According to the cis-acting elements in the AP2/ERF superfamily, we chose six of the 12 validated genes to confirm by qRT-PCR whether the expression patterns were influenced by different hormone treatments (SA, GA, ABA, and MeJA) (Fig. 10). We found that some of the DlAP2/ERF genes were significantly induced by multiple hormone treatments, and others were repressed. For instance, Dlo_023524.1 (ERF-73), Dlo_011527.1 (BBM), Dlo_000585.1 (AIL), Dlo_007774.3 (RAP2.7), and Dlo_009234.2 (RAP2.7) were significantly induced by MeJA treatment, whereas Dlo_004646.1 (PLT) was down-regulated and then up-regulated by MeJA treatment.
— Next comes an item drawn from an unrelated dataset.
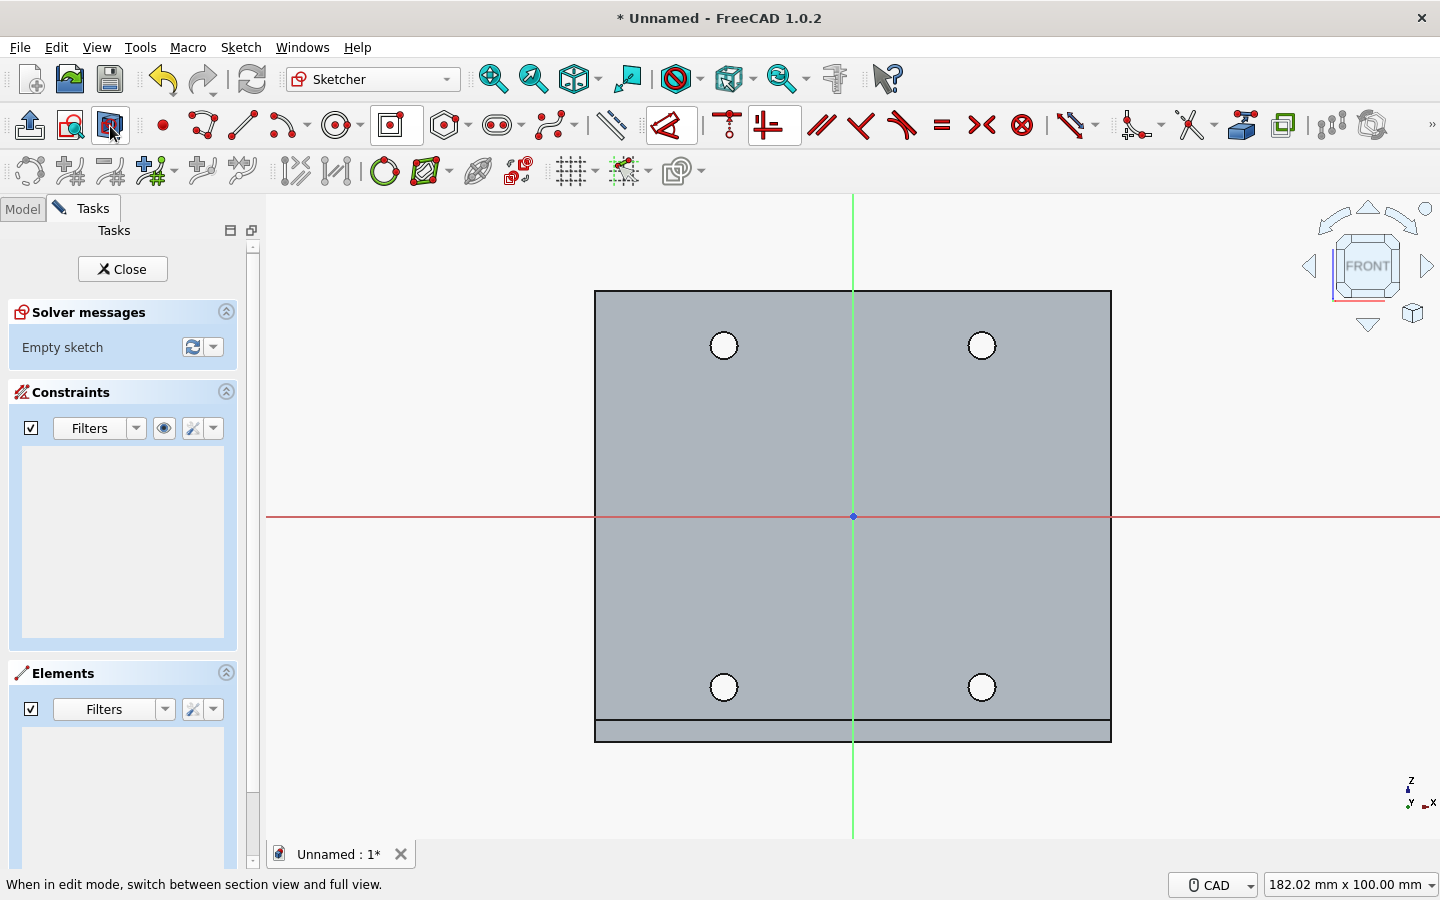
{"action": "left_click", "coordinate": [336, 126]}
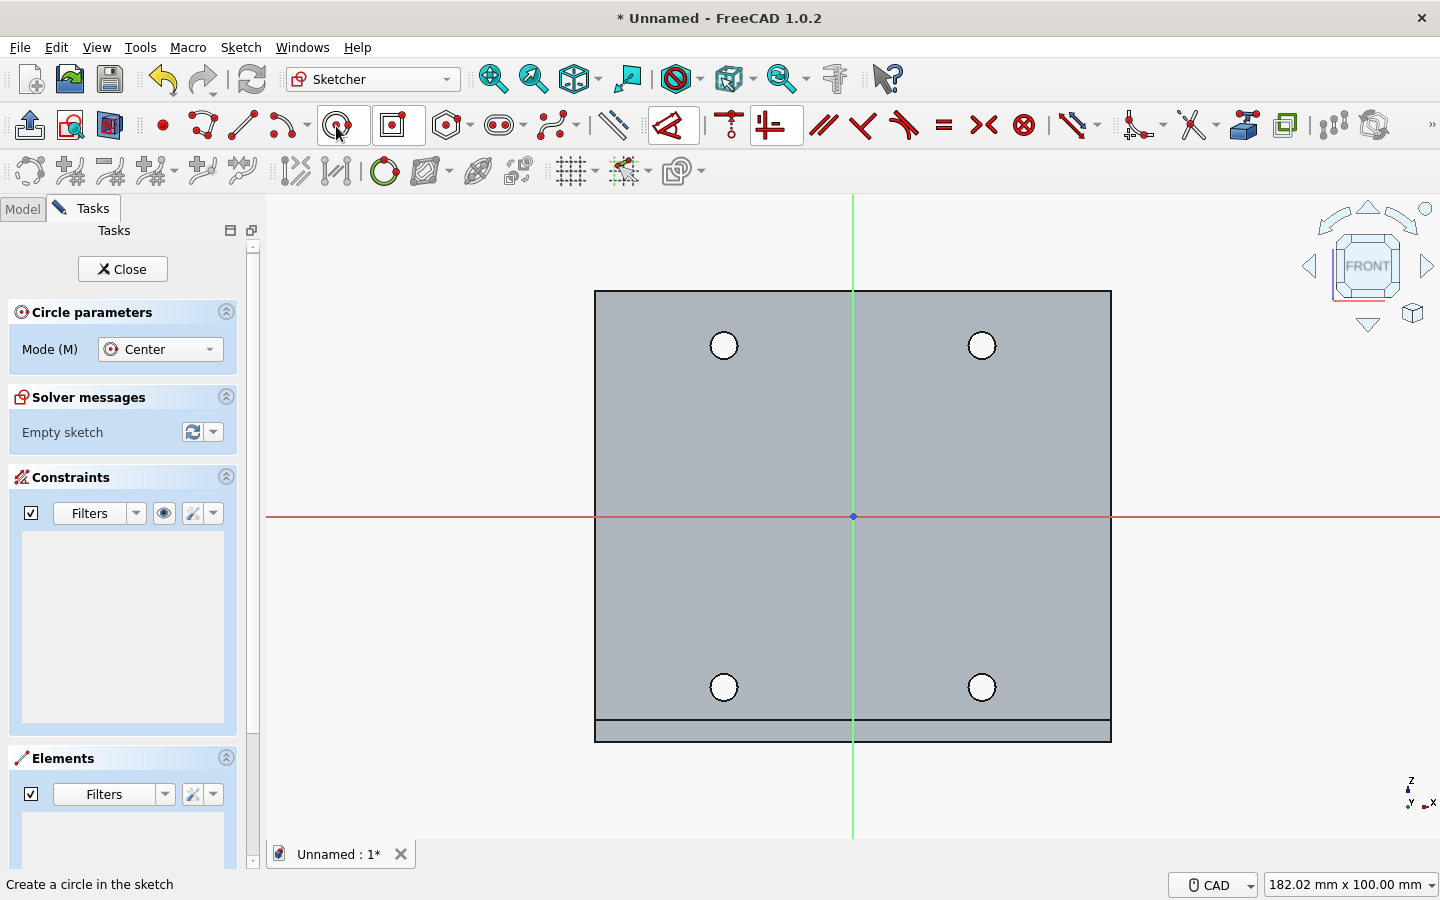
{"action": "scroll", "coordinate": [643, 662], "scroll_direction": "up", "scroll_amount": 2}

Dlo_023524.1 (ERF-73) and Dlo_004646.1 (PLT) were induced by GA treatment, Dlo_011527.1 (BBM), Dlo_000585.1 (AIL), and Dlo_007774.3 (RAP2.7) were repressed by GA treatment, and Dlo_009234.2 (RAP2.7) was induced then repressed by GA treatment at different times. Dlo_004646.1 (PLT), Dlo_007774.3 (RAP2.7), and Dlo_009234.2 (RAP2.7) were induced by ABA treatment, Dlo_023524.1 (ERF-73) and Dlo_000585.1 (AIL) were repressed by ABA treatment, and Dlo_011527.1 (BBM) was induced then repressed by ABA treatment. Dlo_004646.1 (PLT), Dlo_007774.3 (RAP2.7), and Dlo_009234.2 (RAP2.7) were induced by SA treatment, whereas Dlo_011527.1 (BBM) and Dlo_000585.1 (AIL) were repressed by SA treatment. Interestingly, three genes, Dlo_011527.1 (BBM), Dlo_004646.1 (PLT), and Dlo_000585.1 (AIL), showed opposite expression patterns under the MeJA and SA treatments. Overall, the candidate genes were influenced by different hormone in various ways.
AP2/ERF protein interactions among specific proteins in longan
To confirm the potential functions of the DlAP2/ERF proteins, we selected six validated differentially expressed genes to construct a protein–protein interaction network using STRING 10.5 software and an Arabidopsis association model (Fig. 11). Dlo_023524.1, which shared high homology with AtRAP2.12, interacts with ACBP1, ACBP2, CYS2, and PRT6. Dlo_011527.1, which shared homology with AtBBM, interacts with MYB115, SERK1, AGL15, LEC1, and FUS3. Dlo_004646.1,which shared homology with AtPLT2, interacts with WOX5, SHR, EIR1, WOX4, BPS2, NRPB3, and NRPE3B. Dlo_000585.1, which shared high homology with AtAIL6, interacts with ELP1, TTG1, EDM2 AFO, LFY, WUS, and MP proteins. Dlo_007774.3 and Dlo_009234.2, which shared homology with AtRAP2.7, interact with TGG2, FKF1, EFE, GAI, TY1, KAN, and ROXY2.